Nor is there even a claim that GMAC knew or had reason to know that the lessees here would keep the car in such a way as to make it vulnerable to being stolen by thiefs, designing house guests and other malefactors who GMAC knew or had reason to know would be negligent or reckless drivers, cf Restatement (Second) Torts § 390, see also § 308 of the Restatement.

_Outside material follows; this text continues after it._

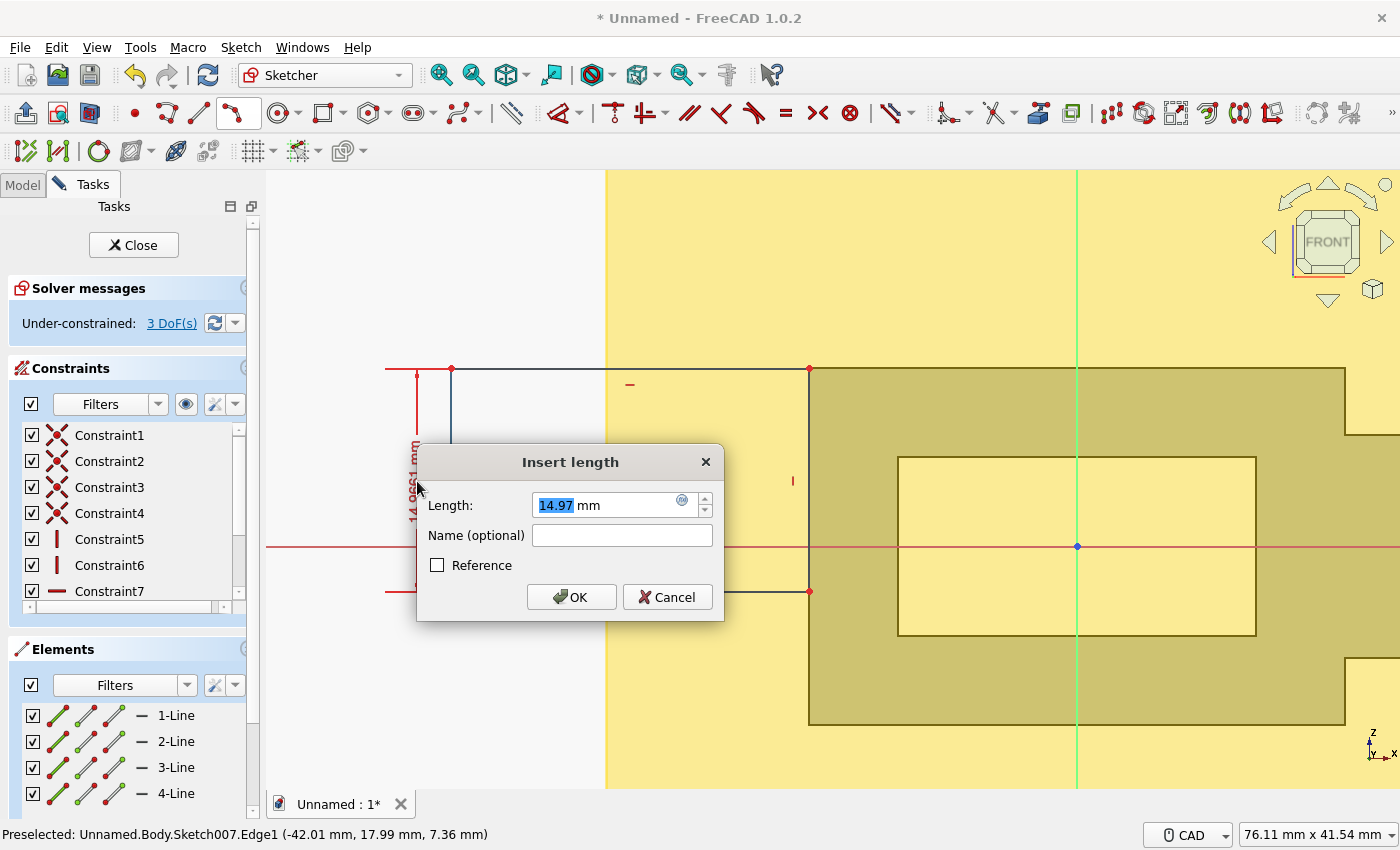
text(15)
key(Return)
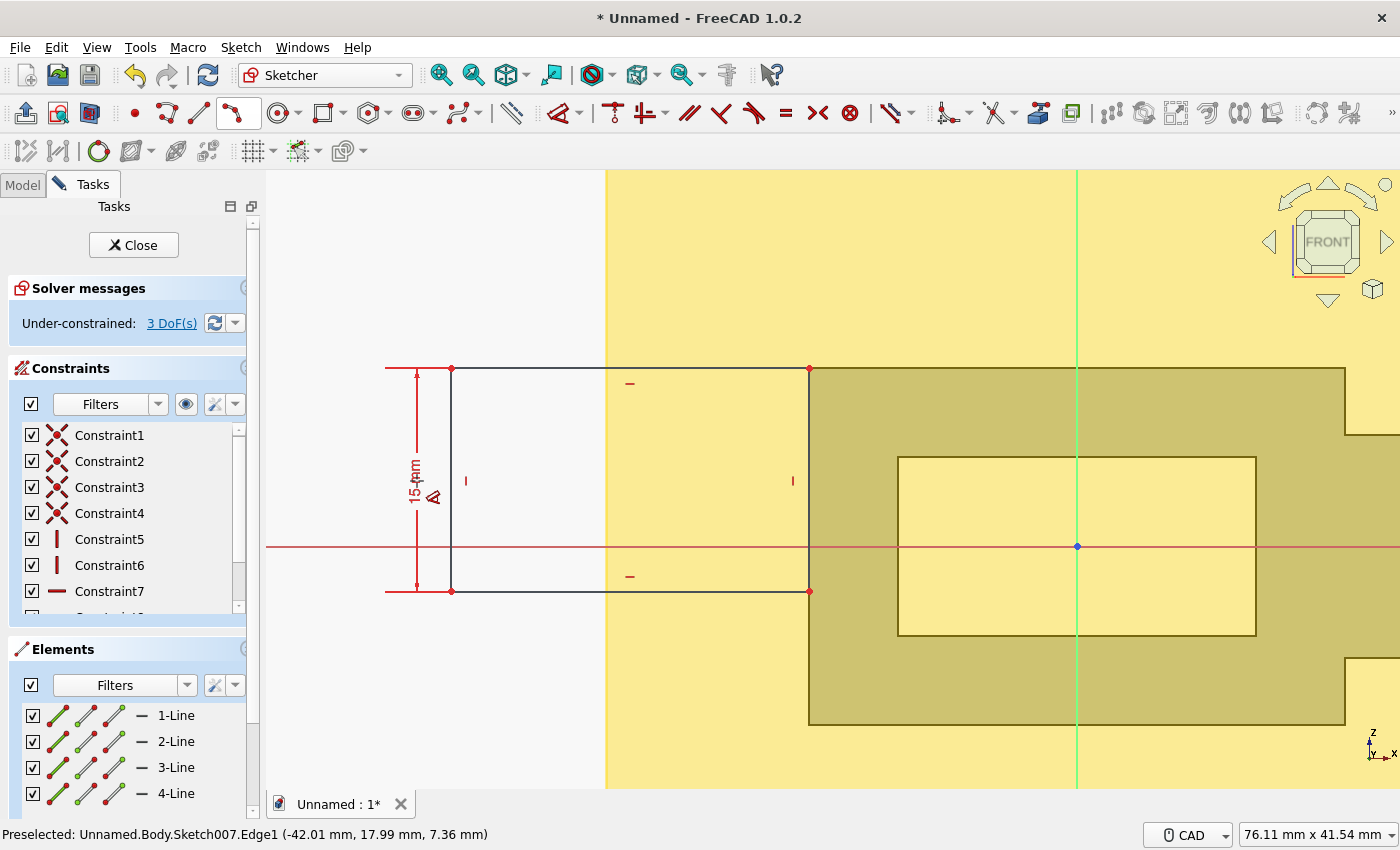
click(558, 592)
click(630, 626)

Tammaro, Regan (Lessees) Motion (a)

The third count is ultimately based on an agency theory relying on § 52-183. For the same reasons previously discussed in the GMAC motion that theory is not viable against the lessees.

(b)

The fourth count is based on a straight negligence claim against the lessees in that it is alleged they failed to secure the car or its keys in such a way as to prevent the car from being taken and operated by unauthorized persons. It is also alleged that they invited people into their home whom they knew or should have known had the propensity to steal the 1999 rental Chevrolet. Cases like Smith v. Leuthner, supra, Barnett v. Rosenthal, 40 Conn. Sup. 149 (1984), Relish v. Corney, 23 Conn. Sup. 350 (1962), and Sebarone v. King, 26 Conn. Sup. 98 (1965), are relied upon.

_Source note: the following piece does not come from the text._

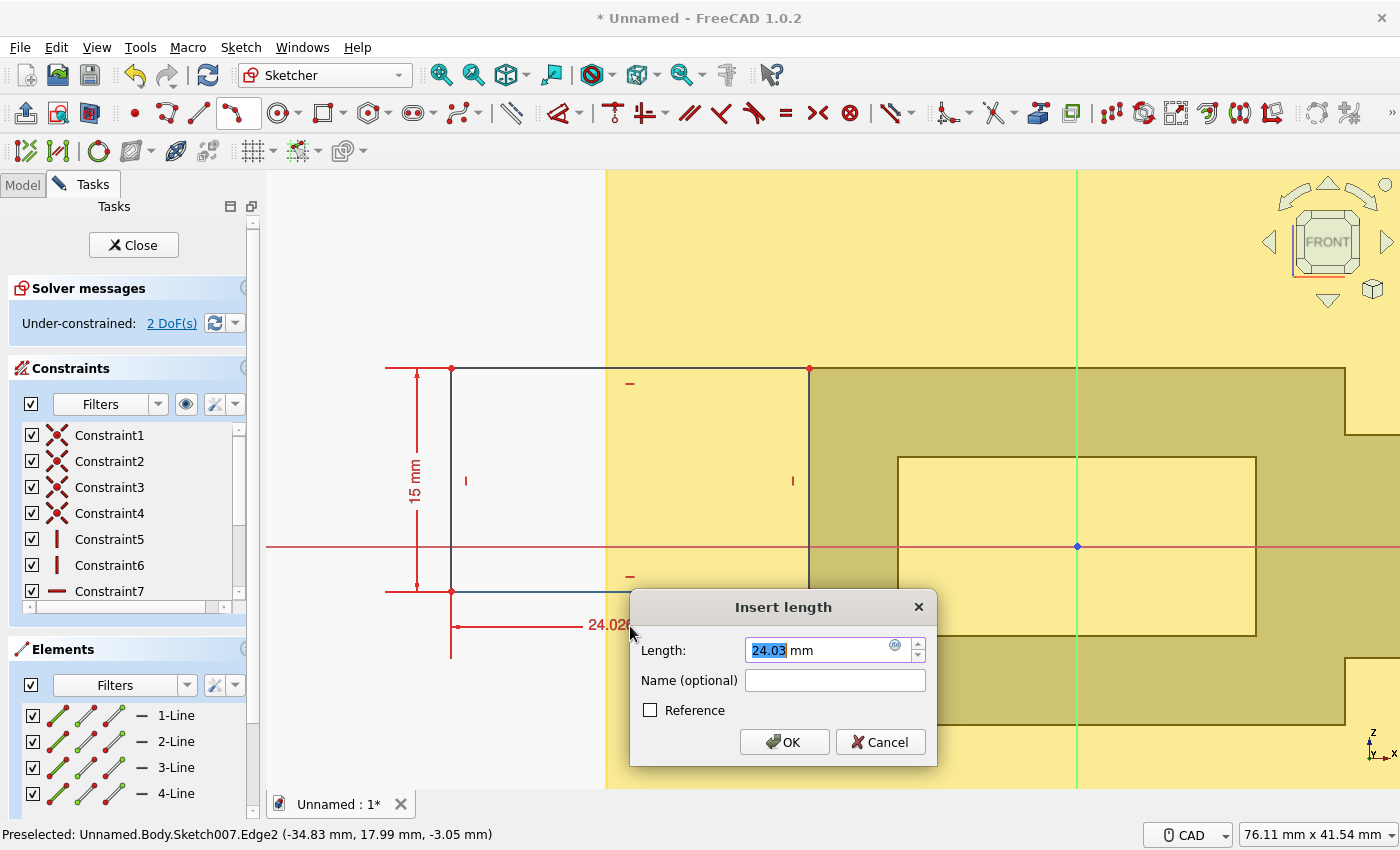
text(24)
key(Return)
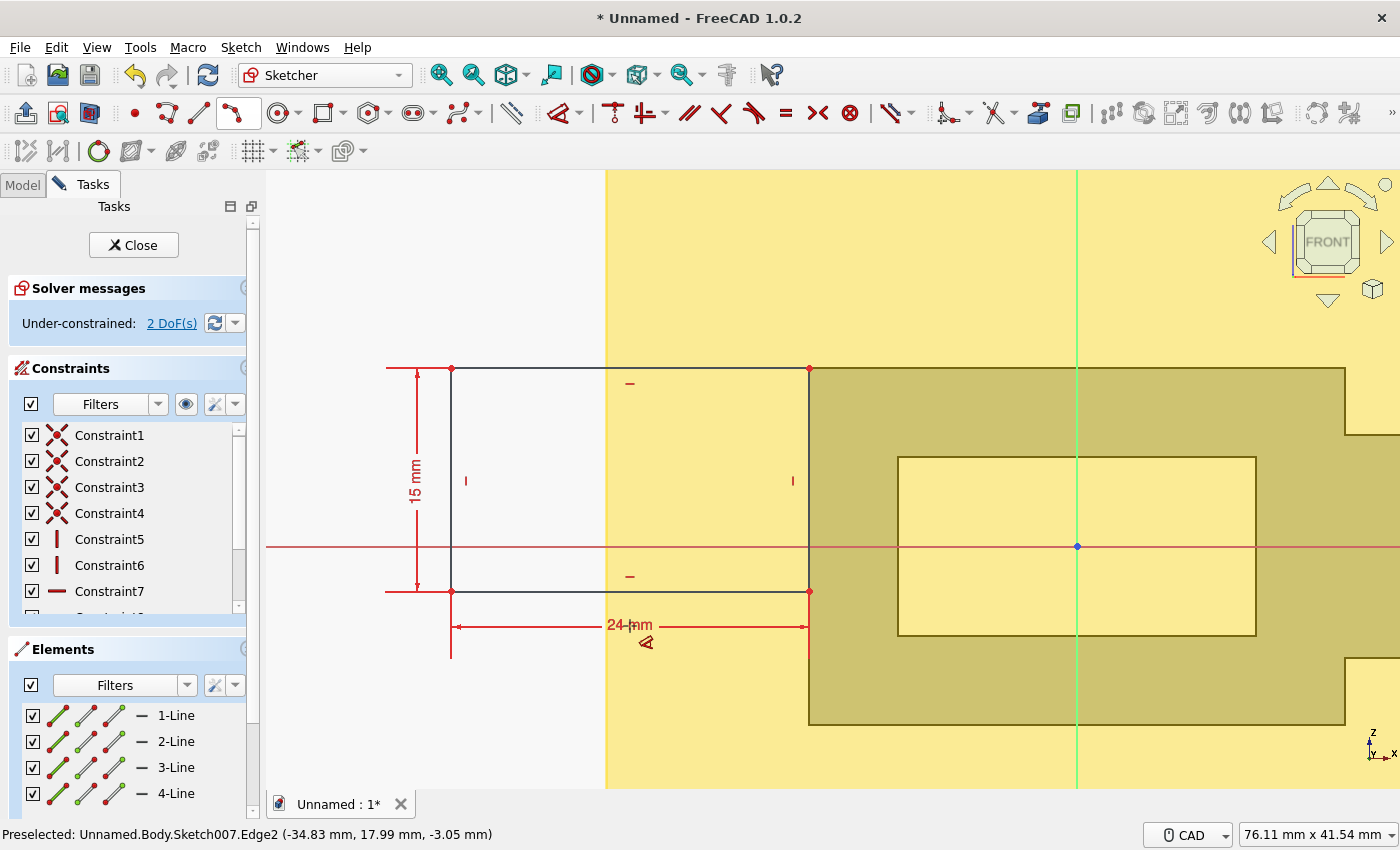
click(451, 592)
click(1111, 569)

The court agrees with the plaintiff that the claim against the lessees is really not a negligent entrustment claim, cf Restatement sections previously cited, but a simple negligence claim based on the authority previously mentioned. But the court also agrees with the defendant that these cases cannot be given the expansive view of them suggested by the plaintiff — merely leaving a key in the ignition may not be enough to impose liability on the person who does so. See Smith v. Leuthner, 156 Conn. at 425-26. But it is also alleged that the car and keys were left unsecured in the lessees' home and they invited into their home people who would have a propensity to steal the car. The court does not have enough of a factual basis to rule on the motion as it applies to this count.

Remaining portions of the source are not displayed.